2:47 am on Oct 27, 2009 (gmt 0)

10+ Year Member



I'm not exactly sure what you mean by
if i go through beforehand and match and modify the emails based on a separate regular expression, the original funtion still matches the url regular expression and gets hyperlinked again

If you're regex finds an e-mail can't you just flag it and stop checking for url's?

It would be easier if you could post your function(s).

mikelai

5:14 am on Oct 27, 2009 (gmt 0)

10+ Year Member



okay here's the code, although it might be a little hard to understand:

function hyperlink($text) {

// match http:// or https:// + domain + any url permitted character (assumes encoded properly)
$full_url_reg_ex = "(http(s)?:\/\/)[A-Za-z0-9-.]+([\/A-Za-z0-9-_.~\?&=%#@;:,\+])*";

// match domain ending in most common TLDs + optional (/ + any url permitted character)
$common_tld_reg_ex = "[A-Za-z0-9-.]+(\.com¦\.edu¦\.org¦\.gov¦\.net¦\.biz)([\/]([\/A-Za-z0-9-_.~\?&=%#@;:,\+])*)?";

// match either of the above cases (http://www.google.com OR google.com) -- use "e" modifier to utilize add_http function
$text = preg_replace("/(".$full_url_reg_ex.")¦(".$common_tld_reg_ex.")¦(^".$common_tld_reg_ex.")/ie", "'<a href=\"'.add_http('\\0').'\" target=\"_blank\">\\0</a>'", $text);

return $text;
}

so basically the function works on hyperlinking anything that looks like a url. the problem is that it hyperlinks the domain part of an email address as well. i actually want to hyperlink email addresses separately (using the mailto: syntax), so is there any way i can add something to the function that will treat an email addresses separately? and after the email addresses are hyperlinked, to prevent the resulting code from then being hyperlinked by the function i pasted above?

mikelai

5:15 am on Oct 27, 2009 (gmt 0)

10+ Year Member



okay here's the code, although it might be a little hard to understand:

function hyperlink($text) {

// match http:// or https:// + domain + any url permitted character (assumes encoded properly)
$full_url_reg_ex = "(http(s)?:\/\/)[A-Za-z0-9-.]+([\/A-Za-z0-9-_.~\?&=%#@;:,\+])*";

// match domain ending in most common TLDs + optional (/ + any url permitted character)
$common_tld_reg_ex = "[A-Za-z0-9-.]+(\.com¦\.edu¦\.org¦\.gov¦\.net¦\.biz)([\/]([\/A-Za-z0-9-_.~\?&=%#@;:,\+])*)?";

// match either of the above cases (http://www.google.com OR google.com) -- use "e" modifier to utilize add_http function
$text = preg_replace("/(".$full_url_reg_ex.")¦(".$common_tld_reg_ex.")¦(^".$common_tld_reg_ex.")/ie", "'<a href=\"'.add_http('\\0').'\" target=\"_blank\">\\0</a>'", $text);

return $text;
}

so basically the function works on hyperlinking anything that looks like a url. the problem is that it hyperlinks the domain part of an email address as well. i actually want to hyperlink email addresses separately (using the mailto: syntax), so is there any way i can add something to the function that will treat an email addresses separately? and after the email addresses are hyperlinked, to prevent the resulting code from then being hyperlinked by the function i pasted above?

Zipper

6:05 am on Oct 27, 2009 (gmt 0)

10+ Year Member



Ok, so this code only checks for hyperlinks.
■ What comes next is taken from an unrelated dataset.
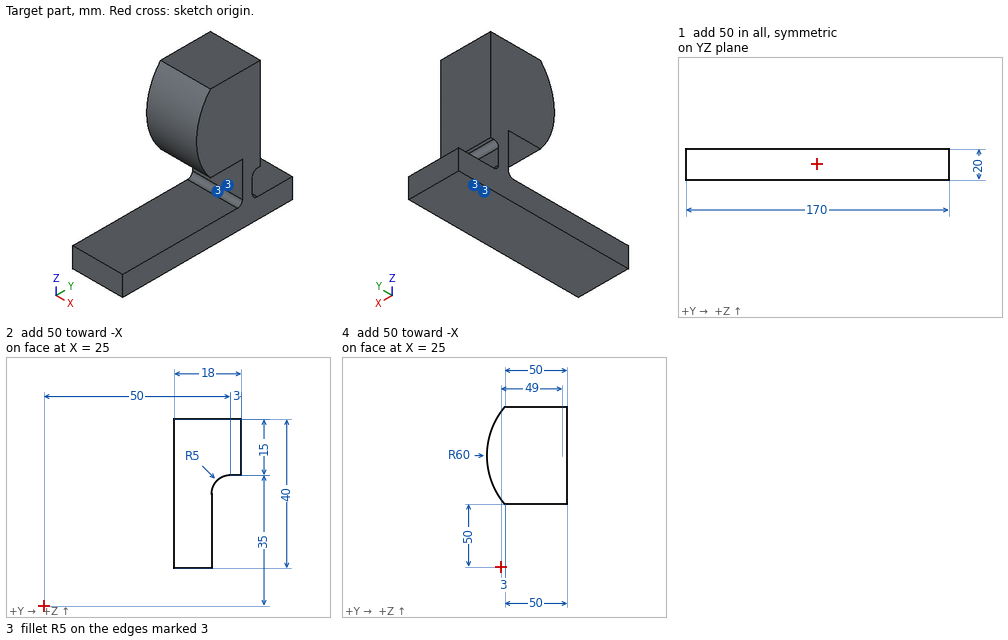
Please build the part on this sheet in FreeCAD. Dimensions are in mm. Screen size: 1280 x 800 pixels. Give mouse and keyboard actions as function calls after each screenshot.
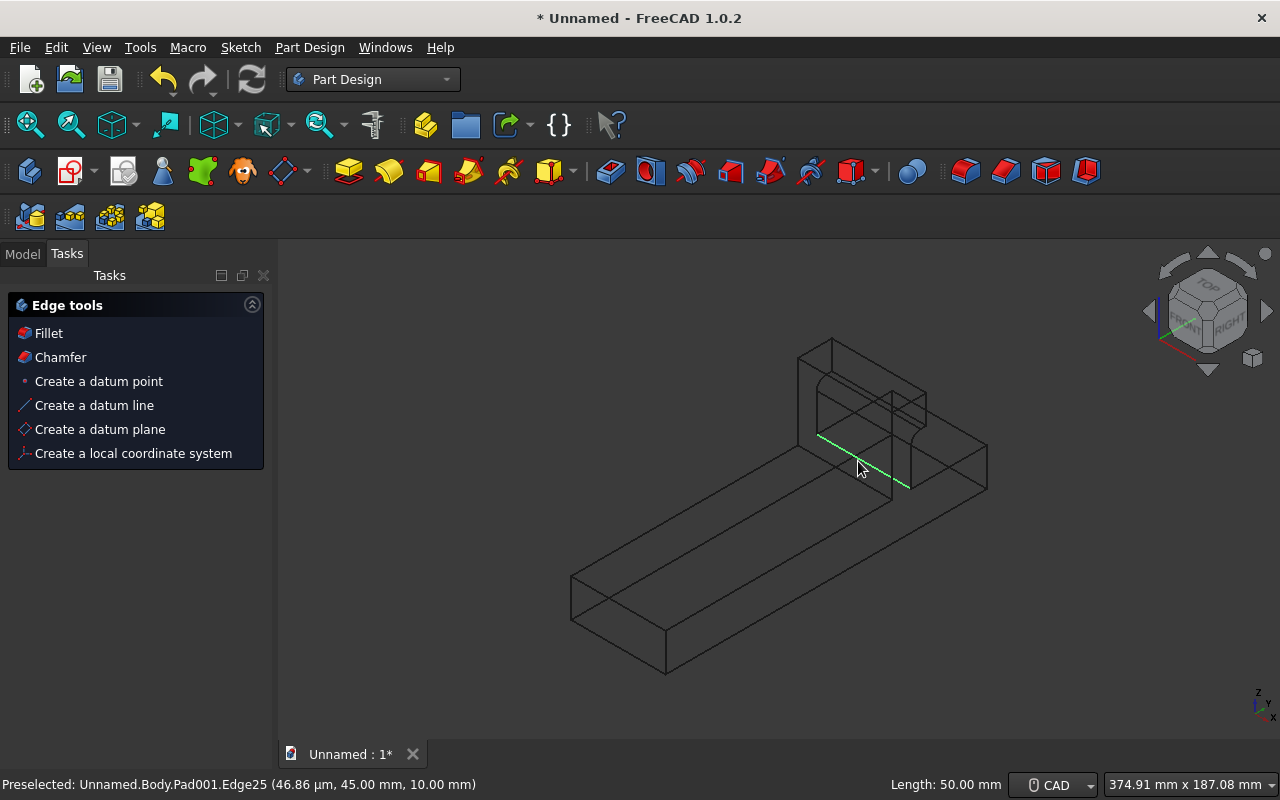
click(845, 472, ctrl)
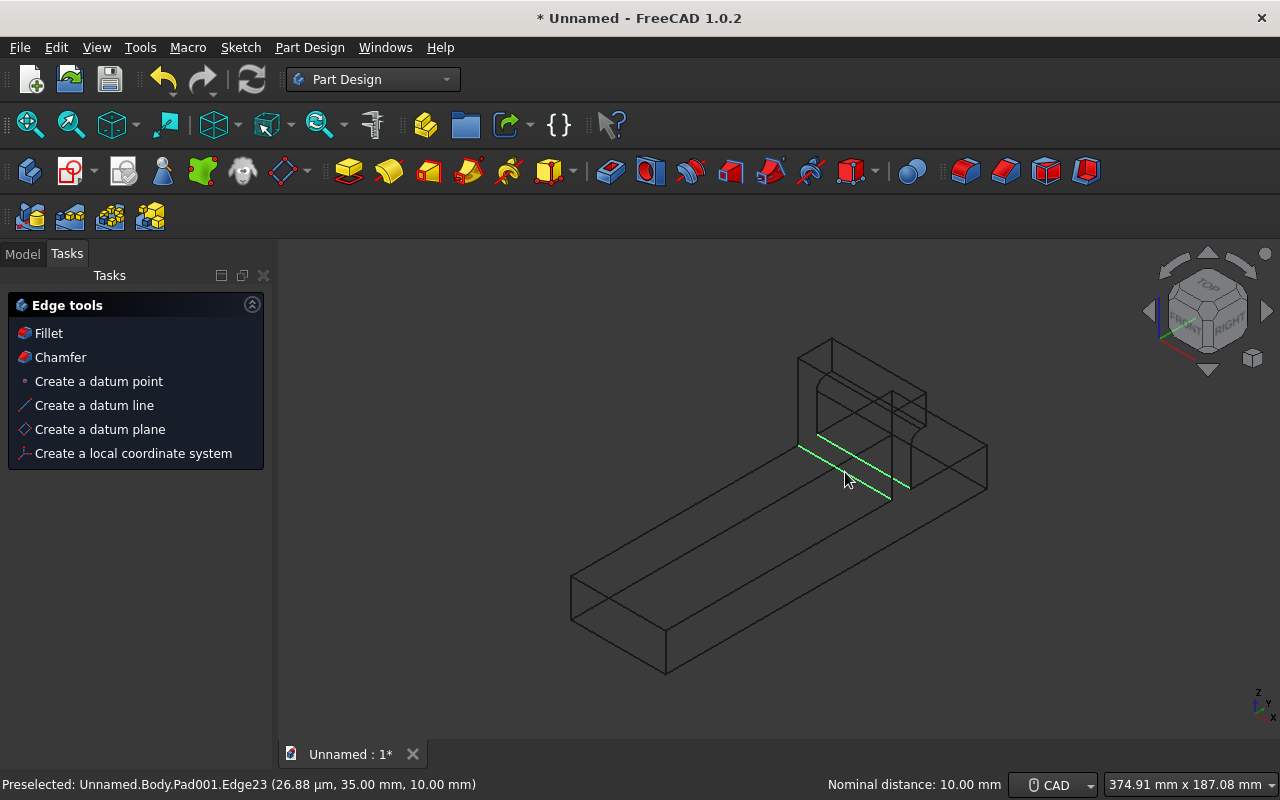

To check for e-mails you can do something like,

$email_reg_ex = '/^([a-z0-9])(([-a-z0-9._])*([a-z0-9]))*\@([a-z0-9])(([a-z0-9-])*([a-z0-9]))+' . '(\.([a-z0-9])([-a-z0-9_-])?([a-z0-9])+)+$/i';
if(preg_match($email_reg_ex, $text)){
// it's an e-mail..
} else {
// check for valid url using your code
}

You might also want to check the filter_var [php.net] function to validate an e-mail address more easily.

mikelai

6:53 am on Oct 27, 2009 (gmt 0)

10+ Year Member



the problem is that $text might have multiple urls and emails in it. if i use an if / else statement, i will only be able to check for one or the other. is there any way i can run a function to convert both urls AND emails in the post?

i could run two different functions in sequence, but then i run into the problem i mentioned before -- that the domain part of the email address gets hyperlinked twice, resulting in garbled html code.